As we can see, the HTML content of one container is very long. To find out the HTML line specific to each data point, we’ll use DevTools once again.

In [6]:
# Hitting the webpage to validate if there are any timeouts or connection reset warnings using try except()

from urllib.request import urlopen 
from socket import timeout

url = "https://askubuntu.com/questions?tab=newest&pagesize=50"
try: 
    string = urlopen(url, timeout=5).read()
except ConnectionResetError:
    print("==> ConnectionResetError")
    pass
except timeout: 
    print("==> Timeout")
    pass

In [7]:
pages_list=[]                         # Empty list that will be appended with the page count

pages_list.append("https://askubuntu.com/questions?tab=newest&pagesize=50")

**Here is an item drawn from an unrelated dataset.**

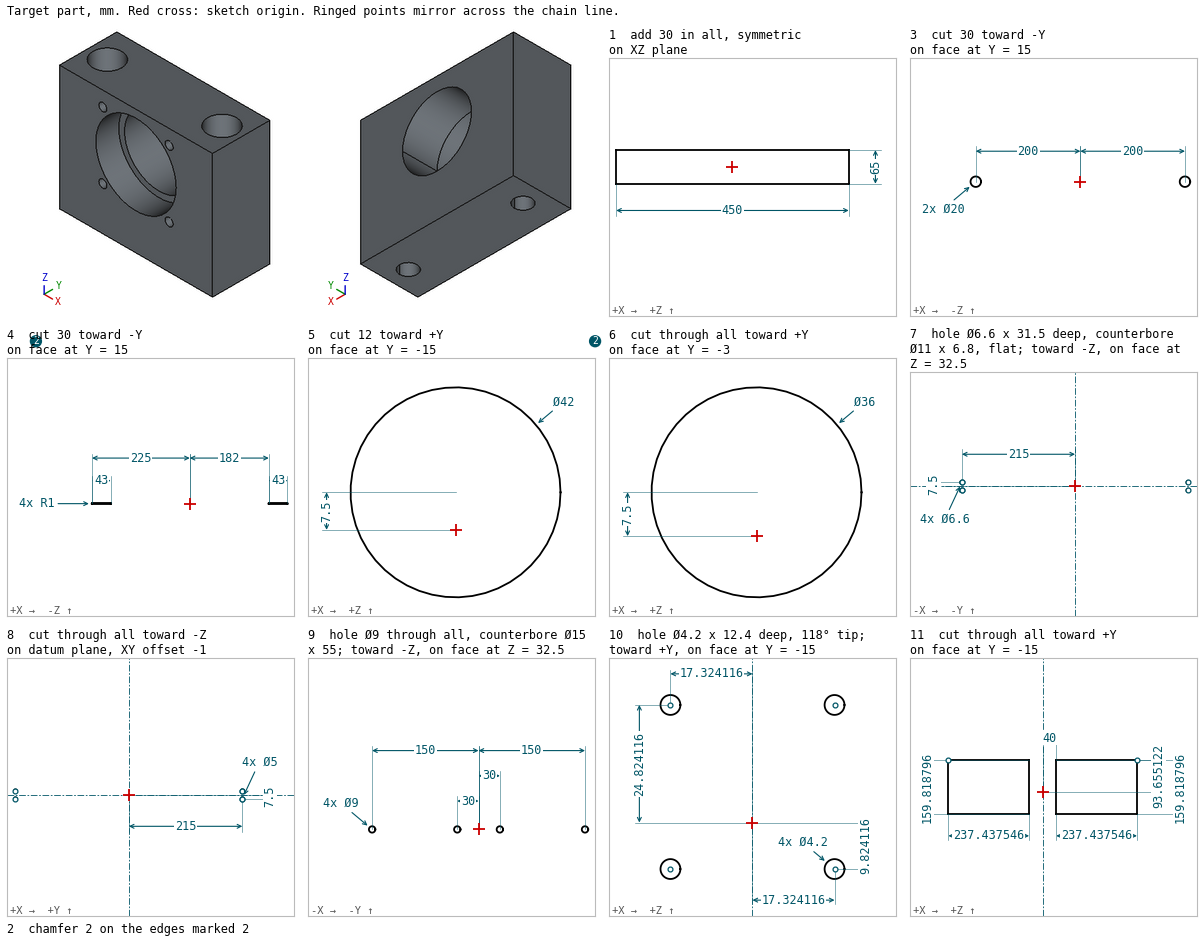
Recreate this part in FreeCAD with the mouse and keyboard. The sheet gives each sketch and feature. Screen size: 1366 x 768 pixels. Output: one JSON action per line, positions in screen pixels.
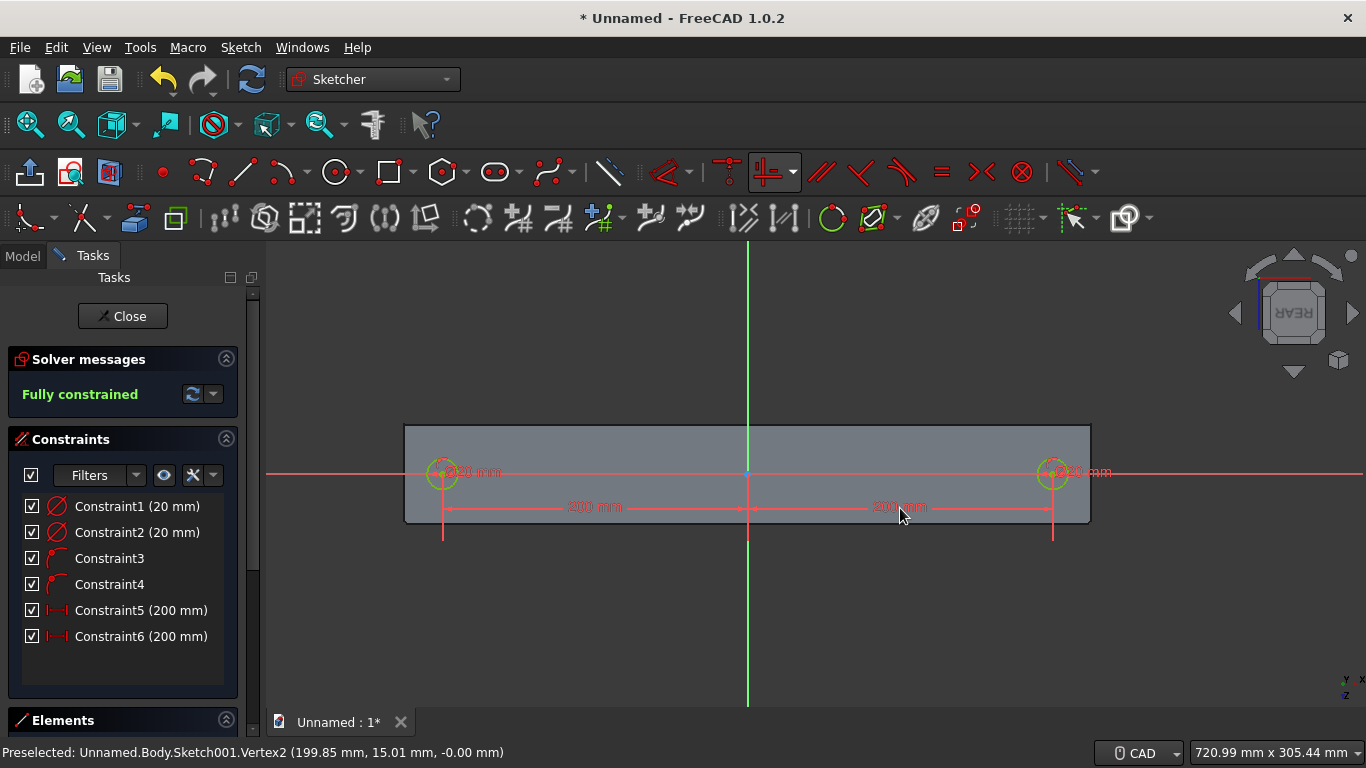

for page in list(range(2, 401)):     # Looping over first 400 webpages

  pages_list.append('https://askubuntu.com/questions?tab=newest&page='+str(page))
  
print(len(pages_list))

400


In [8]:
questions_list=[]                     # Creating an empty list of questions that will be appended with the question counts.

# time.sleep(5)
for x in pages_list:                  # Looping over all the pages in the page list
  page = requests.get(x)
  soup = BeautifulSoup(page.text, 'html.parser')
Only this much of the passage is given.